■ Work instructions ■
Line for line, return the data exactly, omitting all pictures.

■ Data shown ■
══════
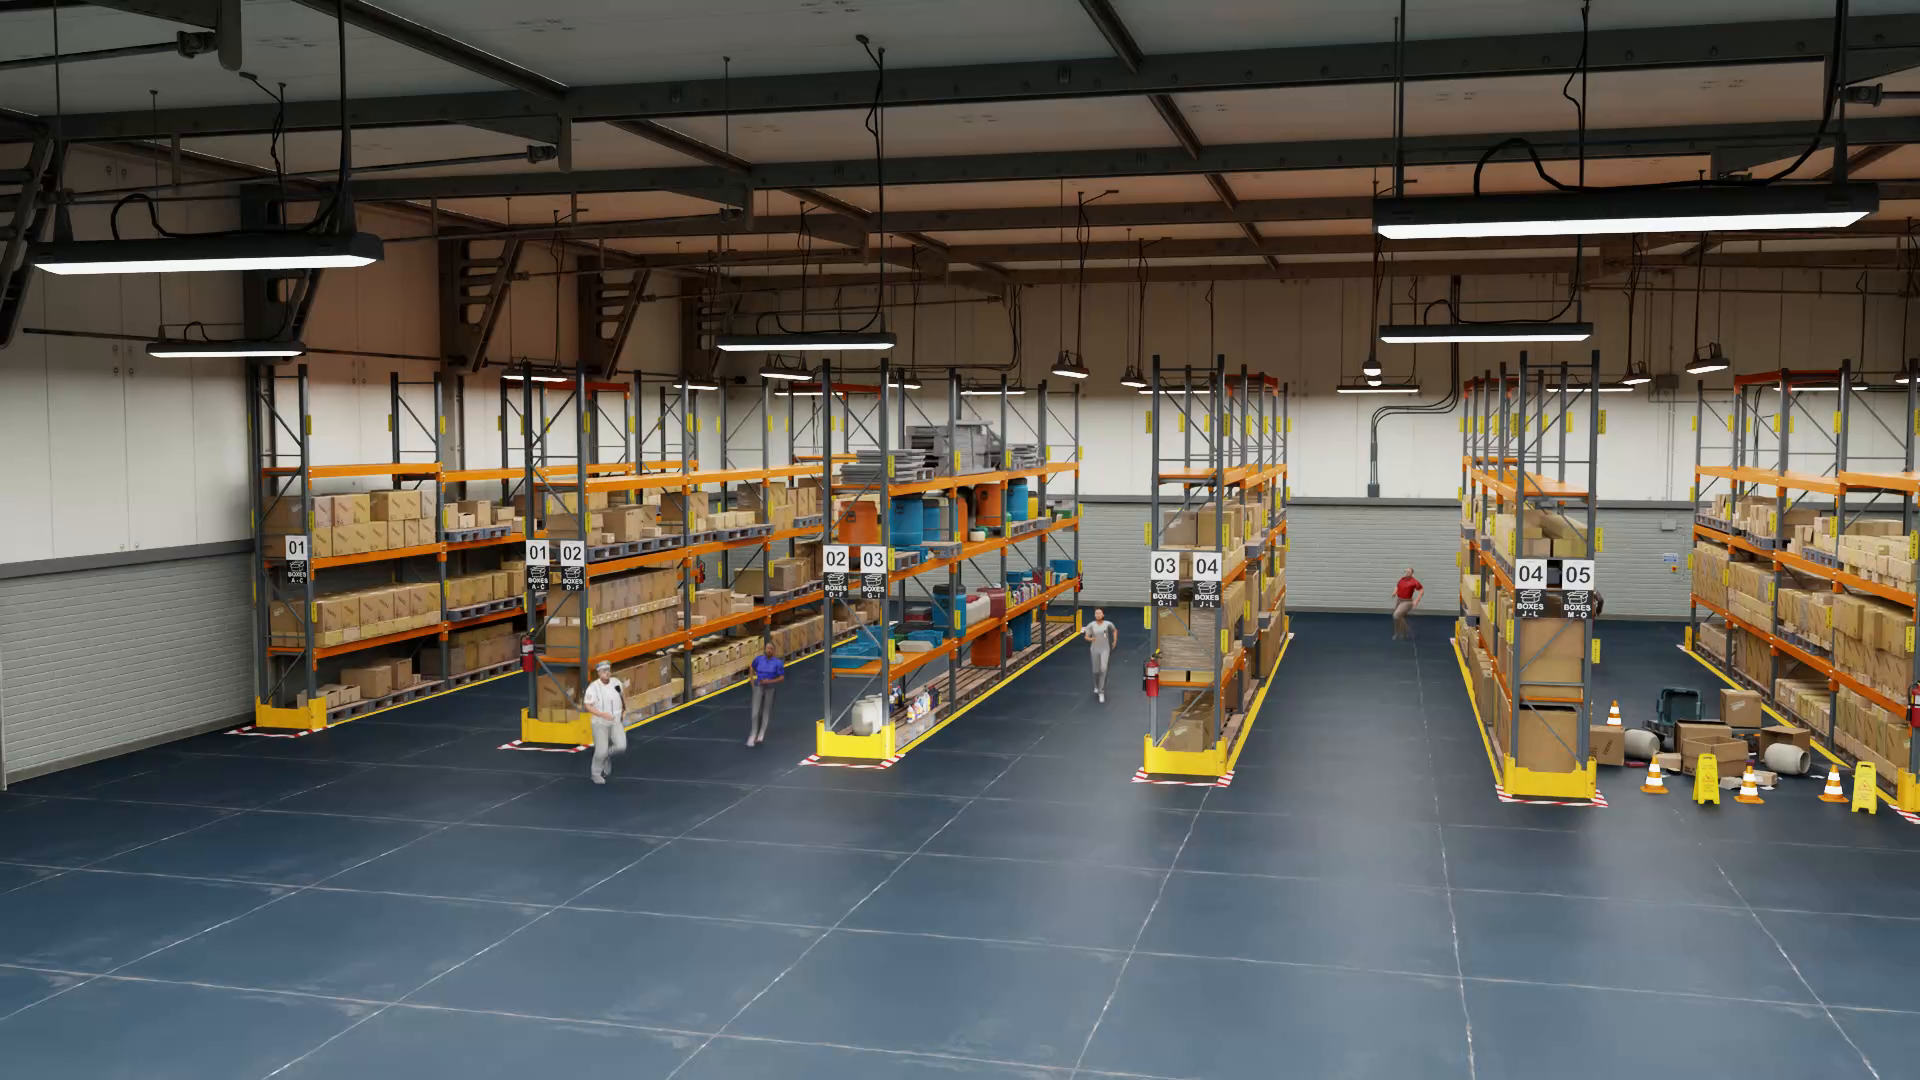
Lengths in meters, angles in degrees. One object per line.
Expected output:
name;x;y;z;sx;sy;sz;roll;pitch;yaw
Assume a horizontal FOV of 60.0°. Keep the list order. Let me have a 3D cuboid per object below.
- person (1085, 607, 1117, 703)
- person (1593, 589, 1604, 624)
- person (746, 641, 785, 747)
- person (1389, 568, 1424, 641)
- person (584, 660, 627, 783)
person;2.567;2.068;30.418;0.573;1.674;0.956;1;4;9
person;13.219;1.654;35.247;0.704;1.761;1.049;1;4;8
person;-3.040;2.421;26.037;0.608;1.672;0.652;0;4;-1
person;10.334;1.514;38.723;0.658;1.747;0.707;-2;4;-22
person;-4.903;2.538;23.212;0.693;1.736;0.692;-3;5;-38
══════
■ Solution for this exercise ■
Lengths in meters, angles in degrees. One object per line.
Expected output:
name;x;y;z;sx;sy;sz;roll;pitch;yaw
Assume a horizontal FOV of 60.0°. Keep the list order. Let me have a 3D cuboid per object below.
- person (1085, 607, 1117, 703)
- person (1593, 589, 1604, 624)
- person (746, 641, 785, 747)
- person (1389, 568, 1424, 641)
- person (584, 660, 627, 783)
person;2.567;2.068;30.418;0.573;1.674;0.956;1;4;9
person;13.219;1.654;35.247;0.704;1.761;1.049;1;4;8
person;-3.040;2.421;26.037;0.608;1.672;0.652;0;4;-1
person;10.334;1.514;38.723;0.658;1.747;0.707;-2;4;-22
person;-4.903;2.538;23.212;0.693;1.736;0.692;-3;5;-38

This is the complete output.